Using a set of experience mortality factors published by a group of insurers based on these large insurers’ data, it is possible to give an indication of the impact of experience mortality. The best estimate value of the mortality rates is multiplied by these experience mortality factors and the value of the best estimate liabilities is recalculated for each year using these mortality rates. Now the experience mortality factors are decreased by 0.2 and the liabilities are recalculated using these shocked experience mortality factors. The resulting SCRs versus the original Solvency II SCRs are given in Figure 2.

We see that the size of the SCR of the internal model has increased to a fraction smaller than the Solvency II SCRs. This indicates that the influence of experience mortality is significant and plays a relevant part in an insurer’s risk assessment.

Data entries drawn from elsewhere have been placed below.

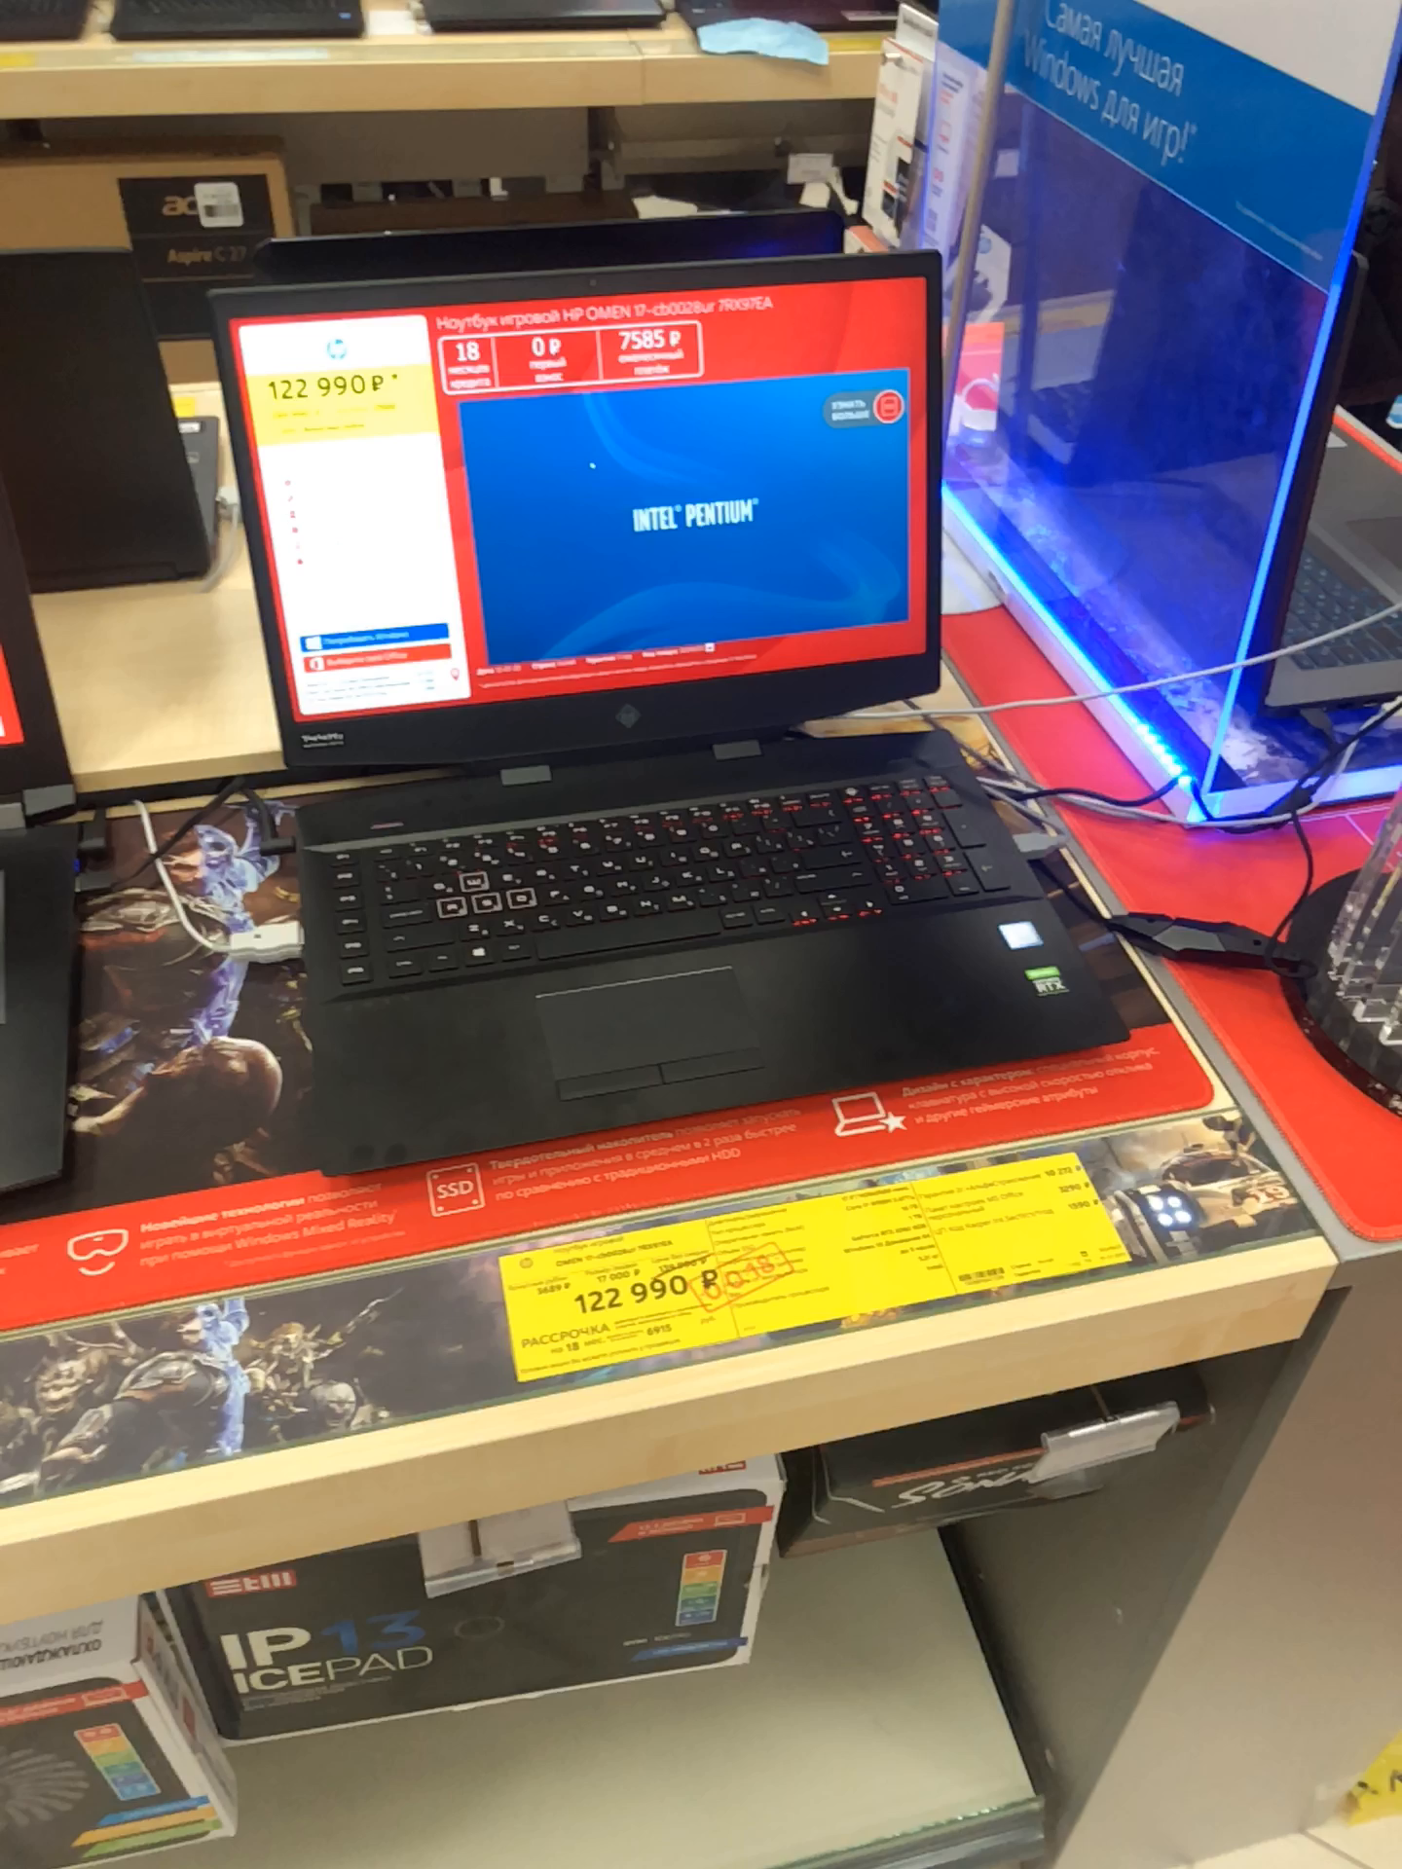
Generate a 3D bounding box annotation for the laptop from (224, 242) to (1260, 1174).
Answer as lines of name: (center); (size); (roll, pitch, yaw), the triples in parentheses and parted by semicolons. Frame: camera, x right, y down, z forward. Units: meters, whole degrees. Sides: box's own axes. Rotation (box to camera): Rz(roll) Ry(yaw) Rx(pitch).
laptop: (-0.017, -0.141, 0.780); (0.391, 0.246, 0.377); (-8, 44, -10)
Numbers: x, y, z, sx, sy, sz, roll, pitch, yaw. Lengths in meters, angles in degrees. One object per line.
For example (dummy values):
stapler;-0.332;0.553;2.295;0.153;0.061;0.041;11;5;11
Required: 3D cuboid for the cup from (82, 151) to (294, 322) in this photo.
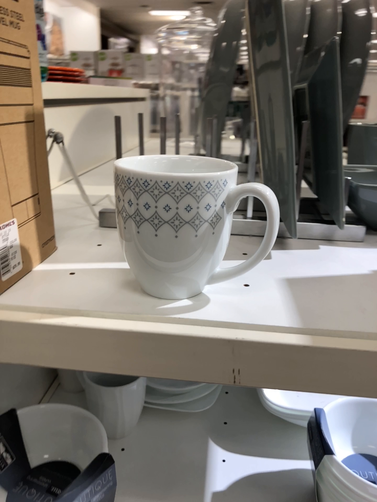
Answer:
cup;0.006;-0.021;0.337;0.136;0.099;0.099;6;22;18
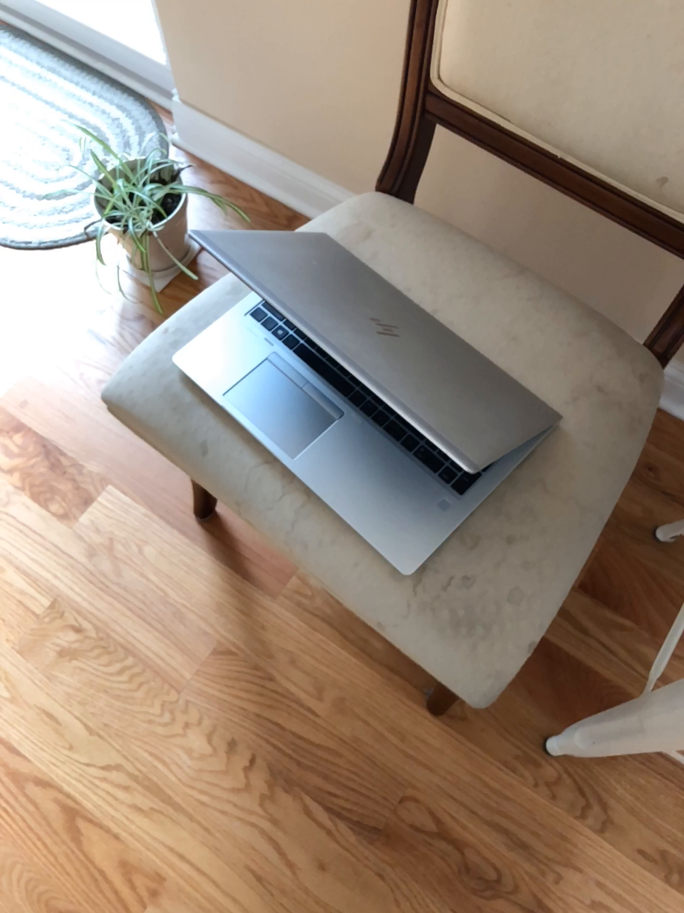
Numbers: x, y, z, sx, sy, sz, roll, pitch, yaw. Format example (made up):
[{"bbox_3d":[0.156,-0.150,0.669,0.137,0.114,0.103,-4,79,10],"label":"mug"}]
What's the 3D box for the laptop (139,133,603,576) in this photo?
[{"bbox_3d":[0.021,-0.109,0.777,0.366,0.159,0.244,42,73,18],"label":"laptop"}]
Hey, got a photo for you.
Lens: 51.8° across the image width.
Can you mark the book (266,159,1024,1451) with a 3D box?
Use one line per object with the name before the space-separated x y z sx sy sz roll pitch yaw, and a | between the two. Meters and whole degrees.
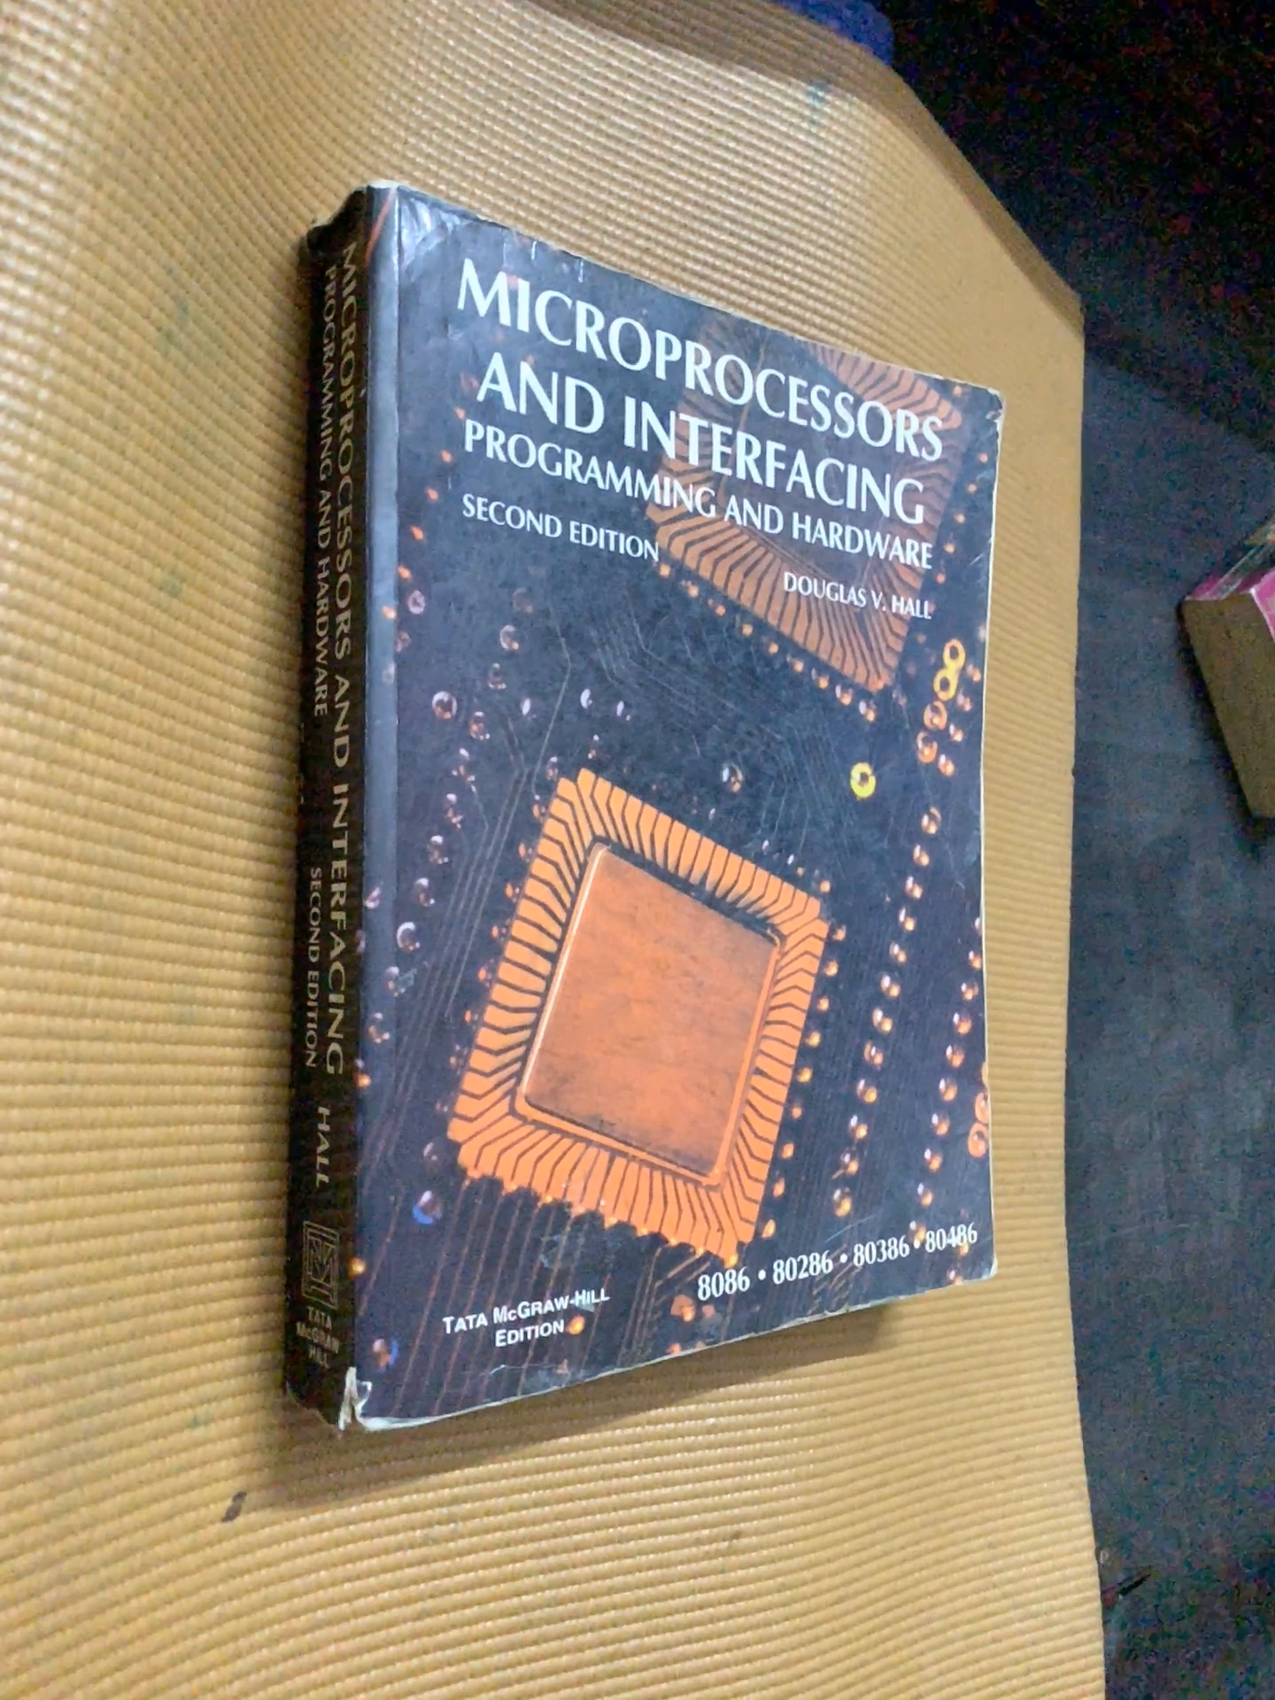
book | 0.019 -0.010 0.441 0.260 0.060 0.338 4 85 -35
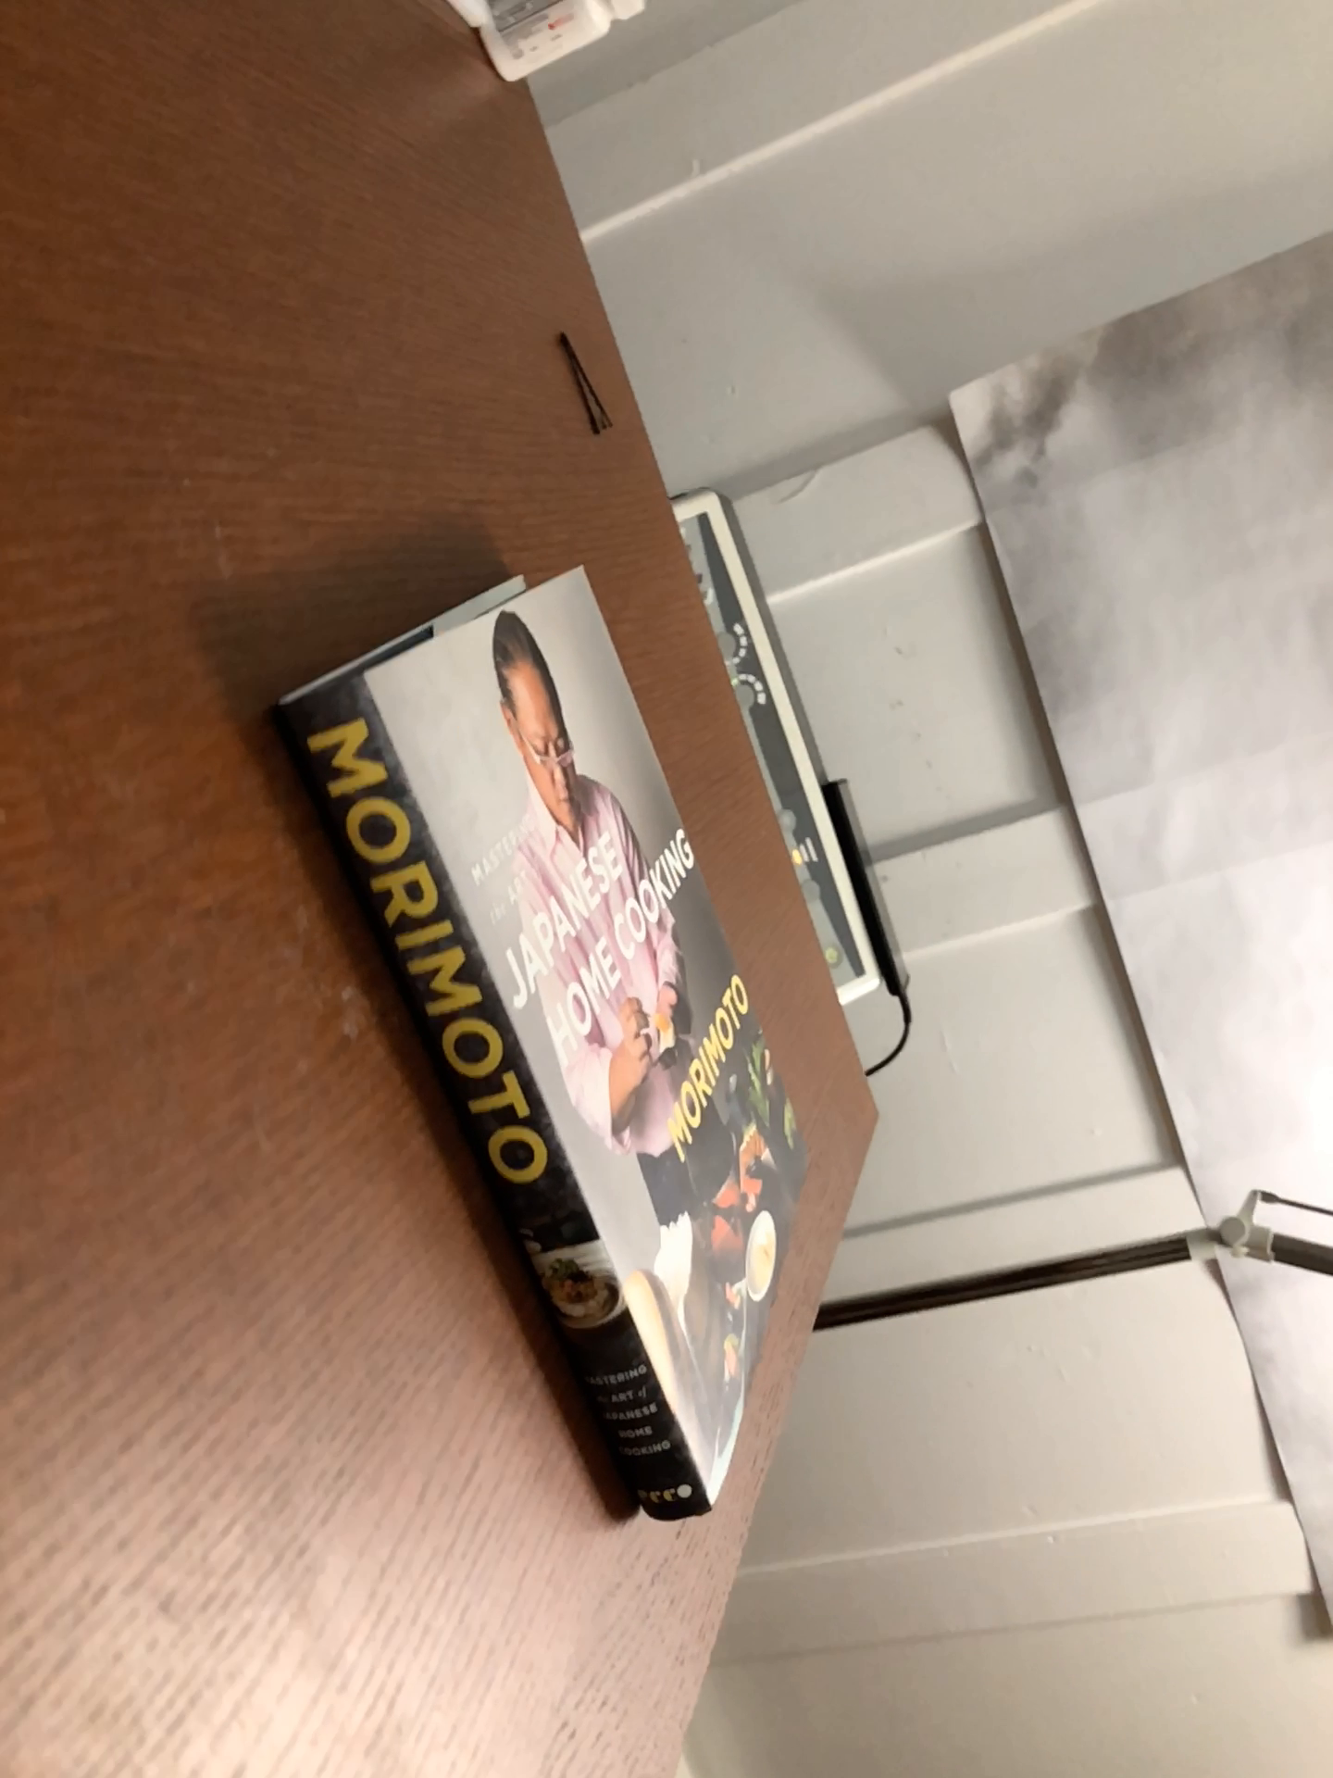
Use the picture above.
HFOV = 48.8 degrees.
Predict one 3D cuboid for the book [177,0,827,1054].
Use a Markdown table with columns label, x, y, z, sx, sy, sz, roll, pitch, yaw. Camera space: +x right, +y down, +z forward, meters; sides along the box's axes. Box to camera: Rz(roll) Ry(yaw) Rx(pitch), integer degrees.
| label | x | y | z | sx | sy | sz | roll | pitch | yaw |
| --- | --- | --- | --- | --- | --- | --- | --- | --- | --- |
| book | -0.031 | -0.110 | 0.438 | 0.221 | 0.030 | 0.300 | 4 | 70 | -71 |

Figure 2: The SCRs for both the internal model (blue) and the Solvency II standard approach (red) for the baseline portfolio, after experience mortality factors have been applied to the forecasted one-year mortality rates and including the SCR for the experience portfolio level risk.
Figure 2: The SCRs for both the internal model (blue) and the Solvency II standard approach (red) for the baseline portfolio, after experience mortality factors have been applied to the forecasted one-year mortality rates and including the SCR for the experience portfolio level risk.

Conclusions

The results indicate that the 20% shock proposed in Solvency II might be too prudent, and that insurers seeking to decrease their buffers can do so by developing an internal model. However, the influence of experience mortality’s uncertainty is sizable and should definitely be taken into account in any insurer’s risk assessment. Other aspects which influence the SCR considerably include the age composition of the portfolio, amongst others. However, it would be relevant to research the impact of experience mortality’s uncertainty more thoroughly and to consider the results using a different mortality model.

References

[1] De Waegenaere, A.M.B., Melenberg, B., & Stevens, R. (2010). Longevity Risk. De Economist, 158, 151-192.
[2] Lee, R.D., & Carter, L.R. (1992). Modeling and Forecasting U.S. Mortality. Journal of the American Statistical Association, 87(419), 659-671.